После ее смерти сыновья и невестки в течение нескольких недель с ужасом и отвращением разбирали хлам, которым был завален дом. Бабушка Малья хранила все, не делая различия между элегантным нарядом и перелицованным старьем. Из внушительных ореховых шкафов выползали полчища побеспокоенных клопов, извлекались на свет ни разу не использованные и протертые почти до прозрачной тонкости льняные простыни, занавески и покрывала из двустороннего Дамаска, коллекция чучел колибри, которые рассыпались в прах при первом же прикосновении; в кухне были обнаружены сотни винных бутылок дорогих марок, содержимое которых давно превратилось в уксус.
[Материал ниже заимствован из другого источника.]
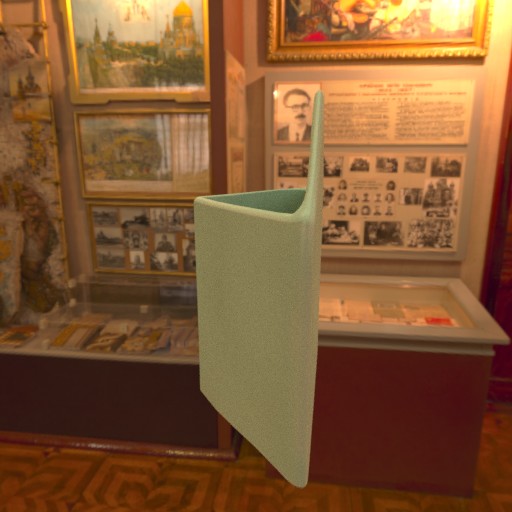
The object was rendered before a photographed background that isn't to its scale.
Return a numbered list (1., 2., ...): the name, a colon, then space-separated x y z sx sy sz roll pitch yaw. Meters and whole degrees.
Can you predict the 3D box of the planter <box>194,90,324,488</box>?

Еще были обнаружены восемь ненадеванных пальто доктора, напичканных нафталином, и одно-единственное, которое она разрешала ему носить, латаное-перелатаное, с залоснившимся до блеска воротником и масонским знаком в кармане.

Я почти ничего о ней не помню; отец даже за глаза называл ее татап и имел обыкновение говорить про нее в насмешливом тоне, слегка смягченном сыновней жалостью. Каждое воскресное утро он водил меня к ней пешком, и пока мы не спеша шли по улице По, то и дело останавливался, чтобы погладить встречных кошек, понюхать трюфели на лотках, перелистать старые книги у букинистов. Мой отец был инженер, из его карманов вечно торчали книги, его знали все колбасники, потому что, покупая ветчину, он всегда проверял на своей логарифмической линейке, не обсчитали ли его. Нельзя сказать, что ветчину отец покупал с легким сердцем; он испытывал неловкость, нарушая запрет, даже страх, не религиозный, а скорее суеверный, однако настолько любил ее, что, увидев в витрине, каждый раз поддавался искушению, правда тяжело при этом вздыхая, бормоча вполголоса проклятья и скосив взгляд на меня, словно боялся моего осуждения или рассчитывал на поддержку.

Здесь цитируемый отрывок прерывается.